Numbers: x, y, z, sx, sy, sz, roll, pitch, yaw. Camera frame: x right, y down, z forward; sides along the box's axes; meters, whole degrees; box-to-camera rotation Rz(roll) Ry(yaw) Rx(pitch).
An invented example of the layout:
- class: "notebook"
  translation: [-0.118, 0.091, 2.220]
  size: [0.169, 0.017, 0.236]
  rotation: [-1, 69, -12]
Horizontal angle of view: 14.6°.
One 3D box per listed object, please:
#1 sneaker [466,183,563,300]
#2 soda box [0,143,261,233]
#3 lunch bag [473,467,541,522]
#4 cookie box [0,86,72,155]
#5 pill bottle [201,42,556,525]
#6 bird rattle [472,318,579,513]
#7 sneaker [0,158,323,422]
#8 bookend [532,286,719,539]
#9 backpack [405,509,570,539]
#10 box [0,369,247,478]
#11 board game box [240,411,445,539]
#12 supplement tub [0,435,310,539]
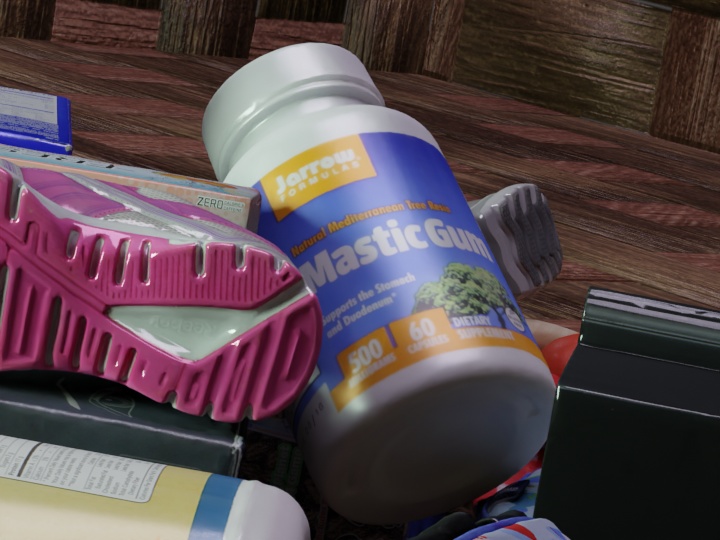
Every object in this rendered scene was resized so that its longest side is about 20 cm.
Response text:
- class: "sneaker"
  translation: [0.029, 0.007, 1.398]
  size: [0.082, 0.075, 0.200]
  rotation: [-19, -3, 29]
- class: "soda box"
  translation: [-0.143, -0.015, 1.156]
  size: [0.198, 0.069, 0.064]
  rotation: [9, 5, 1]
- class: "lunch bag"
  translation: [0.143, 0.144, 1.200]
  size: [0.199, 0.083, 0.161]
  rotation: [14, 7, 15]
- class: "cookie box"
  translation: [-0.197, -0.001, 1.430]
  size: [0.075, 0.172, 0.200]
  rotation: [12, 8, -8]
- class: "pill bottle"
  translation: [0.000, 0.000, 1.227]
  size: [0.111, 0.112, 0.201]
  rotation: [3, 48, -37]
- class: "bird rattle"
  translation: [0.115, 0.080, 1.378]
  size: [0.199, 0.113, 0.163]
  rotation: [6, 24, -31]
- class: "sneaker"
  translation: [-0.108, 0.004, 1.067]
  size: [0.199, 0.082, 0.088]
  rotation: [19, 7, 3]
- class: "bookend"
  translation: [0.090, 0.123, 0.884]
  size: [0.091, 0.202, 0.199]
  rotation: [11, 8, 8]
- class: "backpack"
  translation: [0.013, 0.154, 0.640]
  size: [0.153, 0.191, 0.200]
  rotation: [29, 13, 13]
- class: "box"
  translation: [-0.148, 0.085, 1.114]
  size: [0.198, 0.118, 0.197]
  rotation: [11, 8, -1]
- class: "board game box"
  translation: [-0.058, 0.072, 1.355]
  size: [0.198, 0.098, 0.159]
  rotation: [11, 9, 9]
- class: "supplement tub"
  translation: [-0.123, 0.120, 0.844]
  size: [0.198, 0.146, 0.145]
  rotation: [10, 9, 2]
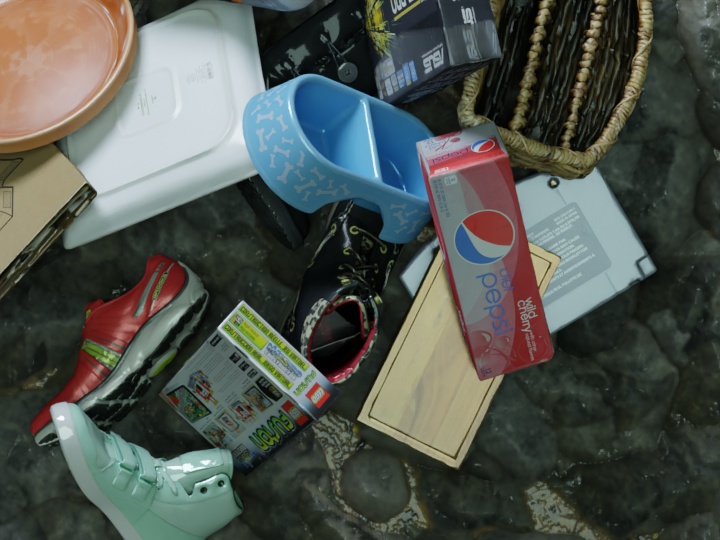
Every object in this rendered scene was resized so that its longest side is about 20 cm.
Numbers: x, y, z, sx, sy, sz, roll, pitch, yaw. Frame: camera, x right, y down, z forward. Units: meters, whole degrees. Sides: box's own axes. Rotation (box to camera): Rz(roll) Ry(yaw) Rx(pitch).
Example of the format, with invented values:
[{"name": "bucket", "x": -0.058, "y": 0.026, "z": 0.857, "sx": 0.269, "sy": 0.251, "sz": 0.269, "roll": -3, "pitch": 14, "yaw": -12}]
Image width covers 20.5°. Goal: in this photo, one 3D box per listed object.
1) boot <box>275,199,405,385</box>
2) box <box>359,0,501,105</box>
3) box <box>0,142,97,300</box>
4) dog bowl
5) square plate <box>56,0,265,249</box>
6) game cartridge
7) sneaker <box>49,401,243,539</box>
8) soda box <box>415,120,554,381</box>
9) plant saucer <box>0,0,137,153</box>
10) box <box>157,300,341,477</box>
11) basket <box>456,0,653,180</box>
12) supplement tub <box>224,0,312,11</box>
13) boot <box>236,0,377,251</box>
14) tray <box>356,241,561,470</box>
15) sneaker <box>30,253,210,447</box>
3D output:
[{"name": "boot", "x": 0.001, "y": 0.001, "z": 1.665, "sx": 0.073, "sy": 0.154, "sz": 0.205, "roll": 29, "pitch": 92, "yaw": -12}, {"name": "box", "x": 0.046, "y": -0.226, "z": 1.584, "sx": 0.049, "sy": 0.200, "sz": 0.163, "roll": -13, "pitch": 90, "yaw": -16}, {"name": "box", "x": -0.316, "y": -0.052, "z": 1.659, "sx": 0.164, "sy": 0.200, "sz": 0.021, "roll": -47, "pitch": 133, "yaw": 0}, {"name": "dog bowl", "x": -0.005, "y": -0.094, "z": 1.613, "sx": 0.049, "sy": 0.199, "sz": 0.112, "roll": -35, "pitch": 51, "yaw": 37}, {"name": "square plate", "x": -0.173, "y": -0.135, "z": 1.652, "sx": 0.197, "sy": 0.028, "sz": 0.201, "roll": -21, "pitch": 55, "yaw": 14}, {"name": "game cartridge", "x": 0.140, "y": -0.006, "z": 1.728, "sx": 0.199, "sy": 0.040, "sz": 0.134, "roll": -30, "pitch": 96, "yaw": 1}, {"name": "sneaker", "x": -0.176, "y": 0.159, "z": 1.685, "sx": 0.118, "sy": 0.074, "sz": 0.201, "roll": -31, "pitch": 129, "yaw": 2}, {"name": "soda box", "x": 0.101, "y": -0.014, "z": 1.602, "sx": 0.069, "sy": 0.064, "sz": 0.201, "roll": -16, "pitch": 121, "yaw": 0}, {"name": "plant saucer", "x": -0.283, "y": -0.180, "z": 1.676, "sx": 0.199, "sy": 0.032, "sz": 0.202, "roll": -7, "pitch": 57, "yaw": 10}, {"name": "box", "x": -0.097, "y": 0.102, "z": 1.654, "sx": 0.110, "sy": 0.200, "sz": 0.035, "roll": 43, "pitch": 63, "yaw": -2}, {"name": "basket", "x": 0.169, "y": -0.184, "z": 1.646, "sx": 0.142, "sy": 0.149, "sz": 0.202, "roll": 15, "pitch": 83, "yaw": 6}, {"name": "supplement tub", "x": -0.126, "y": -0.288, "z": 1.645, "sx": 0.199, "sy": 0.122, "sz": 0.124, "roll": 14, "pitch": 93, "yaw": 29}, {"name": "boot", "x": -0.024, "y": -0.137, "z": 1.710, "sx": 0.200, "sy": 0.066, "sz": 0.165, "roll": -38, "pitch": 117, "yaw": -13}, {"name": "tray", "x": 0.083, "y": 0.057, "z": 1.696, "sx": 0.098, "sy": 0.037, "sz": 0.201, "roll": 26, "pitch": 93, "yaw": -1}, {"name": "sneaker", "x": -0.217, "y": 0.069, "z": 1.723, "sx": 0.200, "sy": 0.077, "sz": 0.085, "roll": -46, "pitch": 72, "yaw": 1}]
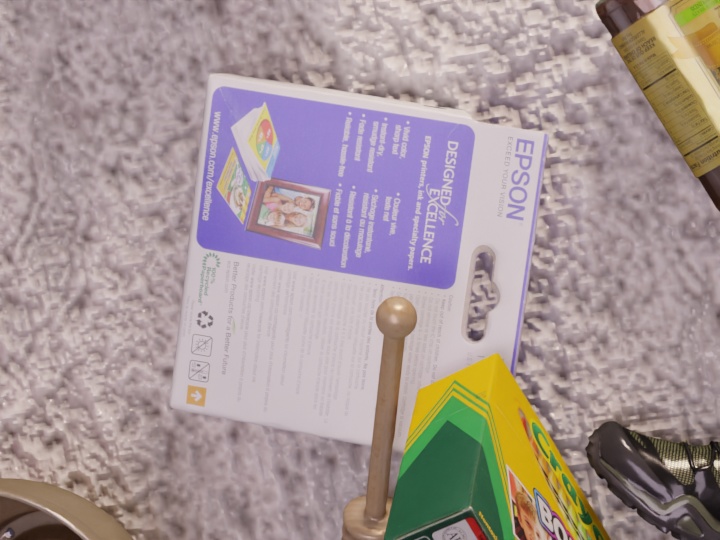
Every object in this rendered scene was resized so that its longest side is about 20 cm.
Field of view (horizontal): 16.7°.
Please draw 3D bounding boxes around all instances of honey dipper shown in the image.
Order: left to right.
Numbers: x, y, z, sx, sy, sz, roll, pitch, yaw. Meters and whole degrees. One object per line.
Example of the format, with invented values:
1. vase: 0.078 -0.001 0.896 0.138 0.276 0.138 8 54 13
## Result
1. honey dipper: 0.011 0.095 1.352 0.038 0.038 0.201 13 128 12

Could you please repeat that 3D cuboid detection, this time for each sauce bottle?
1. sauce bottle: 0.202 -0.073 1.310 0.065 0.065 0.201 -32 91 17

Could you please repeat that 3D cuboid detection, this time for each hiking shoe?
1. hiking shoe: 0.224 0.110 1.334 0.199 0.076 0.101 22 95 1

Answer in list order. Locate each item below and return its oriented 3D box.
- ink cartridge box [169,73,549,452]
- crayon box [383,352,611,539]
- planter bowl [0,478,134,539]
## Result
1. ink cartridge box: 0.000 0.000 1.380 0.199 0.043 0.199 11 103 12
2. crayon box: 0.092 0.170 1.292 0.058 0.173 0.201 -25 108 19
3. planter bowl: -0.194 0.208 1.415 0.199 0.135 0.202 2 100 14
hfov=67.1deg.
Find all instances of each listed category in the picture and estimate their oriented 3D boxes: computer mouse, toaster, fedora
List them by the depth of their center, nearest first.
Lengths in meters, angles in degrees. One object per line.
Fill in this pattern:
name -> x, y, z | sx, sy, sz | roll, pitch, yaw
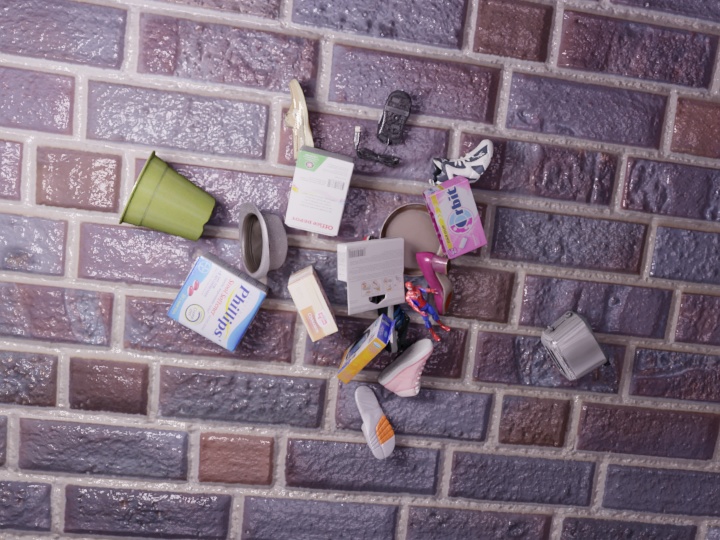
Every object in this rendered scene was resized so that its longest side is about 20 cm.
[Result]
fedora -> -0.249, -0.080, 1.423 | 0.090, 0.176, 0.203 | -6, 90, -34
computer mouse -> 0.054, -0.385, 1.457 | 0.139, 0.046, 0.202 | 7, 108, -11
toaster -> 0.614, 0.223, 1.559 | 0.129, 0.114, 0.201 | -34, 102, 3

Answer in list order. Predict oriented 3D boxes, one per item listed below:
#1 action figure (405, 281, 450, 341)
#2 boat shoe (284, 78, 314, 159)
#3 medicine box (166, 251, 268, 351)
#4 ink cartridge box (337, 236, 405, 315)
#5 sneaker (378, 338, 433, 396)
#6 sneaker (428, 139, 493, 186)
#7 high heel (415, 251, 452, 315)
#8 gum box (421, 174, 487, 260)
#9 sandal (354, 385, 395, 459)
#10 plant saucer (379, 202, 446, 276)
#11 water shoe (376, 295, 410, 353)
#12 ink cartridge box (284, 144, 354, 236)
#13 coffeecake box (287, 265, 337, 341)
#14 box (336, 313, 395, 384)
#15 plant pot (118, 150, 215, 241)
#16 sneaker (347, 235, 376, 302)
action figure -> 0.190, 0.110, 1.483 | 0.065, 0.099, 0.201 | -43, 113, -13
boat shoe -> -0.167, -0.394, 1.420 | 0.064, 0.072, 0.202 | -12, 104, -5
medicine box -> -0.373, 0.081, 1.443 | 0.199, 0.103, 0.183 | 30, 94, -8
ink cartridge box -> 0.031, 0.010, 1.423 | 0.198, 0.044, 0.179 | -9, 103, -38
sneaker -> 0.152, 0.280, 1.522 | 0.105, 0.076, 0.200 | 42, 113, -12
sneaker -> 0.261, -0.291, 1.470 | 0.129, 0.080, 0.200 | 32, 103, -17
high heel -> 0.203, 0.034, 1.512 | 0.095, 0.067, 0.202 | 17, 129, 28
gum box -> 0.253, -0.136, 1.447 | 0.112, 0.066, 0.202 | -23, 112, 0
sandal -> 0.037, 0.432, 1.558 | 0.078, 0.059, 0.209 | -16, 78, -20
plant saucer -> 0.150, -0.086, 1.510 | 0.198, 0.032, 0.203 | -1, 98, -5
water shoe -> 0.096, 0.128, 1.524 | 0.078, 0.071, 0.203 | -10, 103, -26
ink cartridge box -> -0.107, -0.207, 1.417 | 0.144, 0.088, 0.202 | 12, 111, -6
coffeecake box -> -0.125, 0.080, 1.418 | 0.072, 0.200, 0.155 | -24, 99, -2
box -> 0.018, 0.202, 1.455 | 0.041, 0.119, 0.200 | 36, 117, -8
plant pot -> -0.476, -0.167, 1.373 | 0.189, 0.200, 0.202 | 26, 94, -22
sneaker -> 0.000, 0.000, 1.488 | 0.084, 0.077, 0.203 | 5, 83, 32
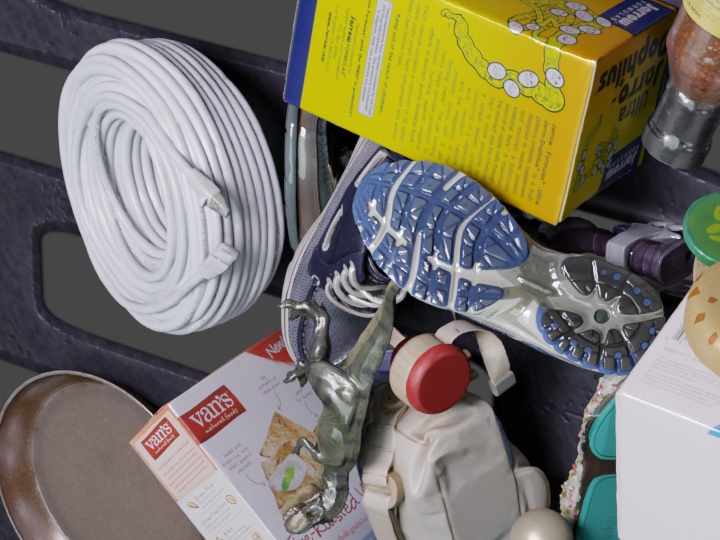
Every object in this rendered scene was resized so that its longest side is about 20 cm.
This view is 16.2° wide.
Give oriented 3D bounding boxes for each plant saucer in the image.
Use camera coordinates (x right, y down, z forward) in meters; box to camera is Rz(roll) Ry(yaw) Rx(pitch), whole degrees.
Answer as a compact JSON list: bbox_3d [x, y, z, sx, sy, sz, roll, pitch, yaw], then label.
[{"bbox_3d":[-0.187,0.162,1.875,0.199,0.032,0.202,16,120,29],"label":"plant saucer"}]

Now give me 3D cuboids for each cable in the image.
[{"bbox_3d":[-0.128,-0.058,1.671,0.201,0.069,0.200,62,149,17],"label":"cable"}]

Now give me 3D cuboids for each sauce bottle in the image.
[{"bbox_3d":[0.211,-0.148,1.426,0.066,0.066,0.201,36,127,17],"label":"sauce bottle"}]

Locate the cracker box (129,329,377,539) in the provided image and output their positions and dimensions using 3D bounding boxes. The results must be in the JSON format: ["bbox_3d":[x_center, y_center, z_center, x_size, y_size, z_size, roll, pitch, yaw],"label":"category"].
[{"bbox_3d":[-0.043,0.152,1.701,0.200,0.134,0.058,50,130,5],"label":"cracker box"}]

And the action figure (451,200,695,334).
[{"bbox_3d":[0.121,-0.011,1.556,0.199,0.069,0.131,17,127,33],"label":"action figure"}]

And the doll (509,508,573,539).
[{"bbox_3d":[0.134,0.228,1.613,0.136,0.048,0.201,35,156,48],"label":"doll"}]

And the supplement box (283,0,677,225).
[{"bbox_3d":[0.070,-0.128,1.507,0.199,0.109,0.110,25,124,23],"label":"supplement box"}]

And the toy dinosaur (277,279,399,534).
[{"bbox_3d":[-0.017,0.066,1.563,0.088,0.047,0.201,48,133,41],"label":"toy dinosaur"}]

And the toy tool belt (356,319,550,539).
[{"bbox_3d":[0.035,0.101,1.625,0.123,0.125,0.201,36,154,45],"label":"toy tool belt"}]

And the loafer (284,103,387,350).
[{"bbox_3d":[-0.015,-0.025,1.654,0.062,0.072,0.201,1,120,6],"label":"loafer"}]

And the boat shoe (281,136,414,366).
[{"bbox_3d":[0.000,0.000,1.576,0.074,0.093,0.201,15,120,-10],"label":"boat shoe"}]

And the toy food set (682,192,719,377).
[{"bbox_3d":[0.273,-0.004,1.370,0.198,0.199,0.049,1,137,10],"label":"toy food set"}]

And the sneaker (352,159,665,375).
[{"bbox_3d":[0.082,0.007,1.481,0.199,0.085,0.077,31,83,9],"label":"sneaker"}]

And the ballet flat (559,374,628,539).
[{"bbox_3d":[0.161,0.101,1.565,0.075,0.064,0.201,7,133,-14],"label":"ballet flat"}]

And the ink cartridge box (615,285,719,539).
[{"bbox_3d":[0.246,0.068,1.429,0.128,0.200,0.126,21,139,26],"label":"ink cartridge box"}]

BRIEF
Among the records above, find the lines that contain "below" and copy every one.

EXERCISE ANSWER
Answer in list order. Locate each item below and return its oriented 3D box.
Answer in list order. Predict oriented 3D boxes, one per item listed below:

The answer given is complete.